Een indrukwekkend prentenboek met bijna levensechte illustraties over een meisje met kanker.
Dit boek laat een kijkje zien in de gedachtewereld van Ava. Het ziek worden, het ziek zijn en omgaan met het ziek zijn. Ava zit in groep 2 en heeft kanker. Op een dag kreeg ze pijn in haar benen en piepkleine rode stipjes op haar bleke lijf. Al snel blijkt uit onderzoeken dat ze leukemie heeft. Wat dat is, wordt knap uitgelegd op een makkelijke toegankelijke manier. In het ziekenhuis ontmoet Ava de jongen Noah. Hij is ook ziek. Hij heeft een hersentumor. De twee kinderen trekken veel samen op. Ondersteunen elkaar en begrijpen elkaar.

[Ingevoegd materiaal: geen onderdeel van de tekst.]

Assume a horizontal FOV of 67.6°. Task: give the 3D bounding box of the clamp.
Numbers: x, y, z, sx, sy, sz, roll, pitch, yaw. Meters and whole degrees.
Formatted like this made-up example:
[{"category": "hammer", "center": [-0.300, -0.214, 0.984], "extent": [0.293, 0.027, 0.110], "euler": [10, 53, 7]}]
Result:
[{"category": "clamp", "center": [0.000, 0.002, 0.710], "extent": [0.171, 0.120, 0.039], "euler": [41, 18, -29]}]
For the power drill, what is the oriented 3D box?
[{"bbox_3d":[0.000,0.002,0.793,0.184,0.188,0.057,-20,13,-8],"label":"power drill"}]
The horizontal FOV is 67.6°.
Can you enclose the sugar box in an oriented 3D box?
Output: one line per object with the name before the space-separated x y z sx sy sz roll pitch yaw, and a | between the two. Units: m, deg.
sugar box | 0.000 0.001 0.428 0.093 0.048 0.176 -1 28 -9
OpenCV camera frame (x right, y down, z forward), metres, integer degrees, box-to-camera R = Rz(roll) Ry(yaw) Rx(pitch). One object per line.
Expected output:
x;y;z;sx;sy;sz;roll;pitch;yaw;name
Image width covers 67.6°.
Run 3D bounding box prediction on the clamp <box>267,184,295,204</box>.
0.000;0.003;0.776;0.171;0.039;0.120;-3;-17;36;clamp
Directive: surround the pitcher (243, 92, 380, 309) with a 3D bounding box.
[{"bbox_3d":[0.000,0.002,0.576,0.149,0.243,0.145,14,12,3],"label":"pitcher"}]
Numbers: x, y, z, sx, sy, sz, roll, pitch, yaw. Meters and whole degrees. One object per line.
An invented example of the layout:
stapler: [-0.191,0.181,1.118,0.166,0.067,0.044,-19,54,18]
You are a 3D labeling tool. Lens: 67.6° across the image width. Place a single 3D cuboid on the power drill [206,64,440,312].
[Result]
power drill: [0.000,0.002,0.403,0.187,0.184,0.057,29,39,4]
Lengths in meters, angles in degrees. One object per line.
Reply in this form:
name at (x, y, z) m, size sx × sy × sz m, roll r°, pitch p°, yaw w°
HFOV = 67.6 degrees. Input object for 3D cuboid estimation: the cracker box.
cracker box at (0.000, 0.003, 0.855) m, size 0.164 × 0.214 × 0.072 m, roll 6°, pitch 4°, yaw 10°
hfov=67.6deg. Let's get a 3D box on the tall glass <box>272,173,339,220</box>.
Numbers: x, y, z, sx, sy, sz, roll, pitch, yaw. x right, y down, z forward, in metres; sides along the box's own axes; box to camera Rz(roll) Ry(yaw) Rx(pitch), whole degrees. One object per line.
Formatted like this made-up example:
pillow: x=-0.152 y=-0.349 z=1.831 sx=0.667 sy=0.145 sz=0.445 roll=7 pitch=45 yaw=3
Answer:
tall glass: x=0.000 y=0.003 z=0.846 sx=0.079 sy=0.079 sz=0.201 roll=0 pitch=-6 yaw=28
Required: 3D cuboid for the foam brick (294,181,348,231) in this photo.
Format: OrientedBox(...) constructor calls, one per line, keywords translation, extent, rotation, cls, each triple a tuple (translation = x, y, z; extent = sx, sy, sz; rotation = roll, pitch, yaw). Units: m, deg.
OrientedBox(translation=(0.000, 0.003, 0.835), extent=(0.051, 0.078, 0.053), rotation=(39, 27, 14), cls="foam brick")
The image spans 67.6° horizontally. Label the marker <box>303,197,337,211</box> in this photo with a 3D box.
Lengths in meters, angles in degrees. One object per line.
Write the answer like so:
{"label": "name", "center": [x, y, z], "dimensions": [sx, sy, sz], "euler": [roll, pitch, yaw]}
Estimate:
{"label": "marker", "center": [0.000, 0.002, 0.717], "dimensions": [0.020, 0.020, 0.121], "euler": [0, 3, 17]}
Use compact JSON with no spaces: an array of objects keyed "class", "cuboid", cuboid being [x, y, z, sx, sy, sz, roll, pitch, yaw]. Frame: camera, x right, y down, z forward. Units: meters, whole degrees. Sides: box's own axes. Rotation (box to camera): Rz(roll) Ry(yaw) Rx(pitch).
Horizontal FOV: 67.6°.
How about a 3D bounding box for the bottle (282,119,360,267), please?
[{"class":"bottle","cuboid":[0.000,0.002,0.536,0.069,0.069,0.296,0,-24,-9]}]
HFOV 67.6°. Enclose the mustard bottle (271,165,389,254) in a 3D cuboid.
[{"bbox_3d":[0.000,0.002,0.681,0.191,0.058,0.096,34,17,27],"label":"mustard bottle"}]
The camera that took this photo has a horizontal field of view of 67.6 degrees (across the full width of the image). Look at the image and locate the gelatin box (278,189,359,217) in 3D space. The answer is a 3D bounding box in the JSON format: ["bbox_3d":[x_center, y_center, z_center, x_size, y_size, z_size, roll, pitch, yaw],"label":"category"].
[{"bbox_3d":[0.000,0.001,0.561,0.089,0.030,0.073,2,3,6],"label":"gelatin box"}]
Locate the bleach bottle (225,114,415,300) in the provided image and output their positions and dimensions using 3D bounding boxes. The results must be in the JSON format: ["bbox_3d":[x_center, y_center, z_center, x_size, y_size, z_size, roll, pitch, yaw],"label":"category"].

Ook mooi verweven in het verhaal is de relatie met Jesse, haar broer. Je proeft dat hij het allemaal maar moeilijk vindt, ook al staat dat nergens. Hij komt nooit langs in het ziekenhuis. Het wit in het ziekenhuis doet zeer aan zijn ogen of hij heeft een voetbalwedstrijd. Hoe anderen met haar ziek zijn omgaan, wordt ook duidelijk, niet alleen uit het verhaal, maar ook uit de illustraties. Gezichtsuitdrukkingen zijn heel echt, verdrietig, blij en zorgelijk; haast ontroerend.
Moeilijke onderwerpen worden niet geschuwd. Dat is duidelijk. Ava stelt op een gegeven moment de vraag: 'Wat gebeurt er eigenlijk als je doodgaat?' Dat antwoord wordt vanuit meerdere overtuigingen gegeven door verschillende mensen. Heel realistisch, want de een wil het daar bijvoorbeeld nooit over hebben, de ander denkt dat we naar God gaan en weer een ander denkt dat het gewoon nooit meer wakker worden is.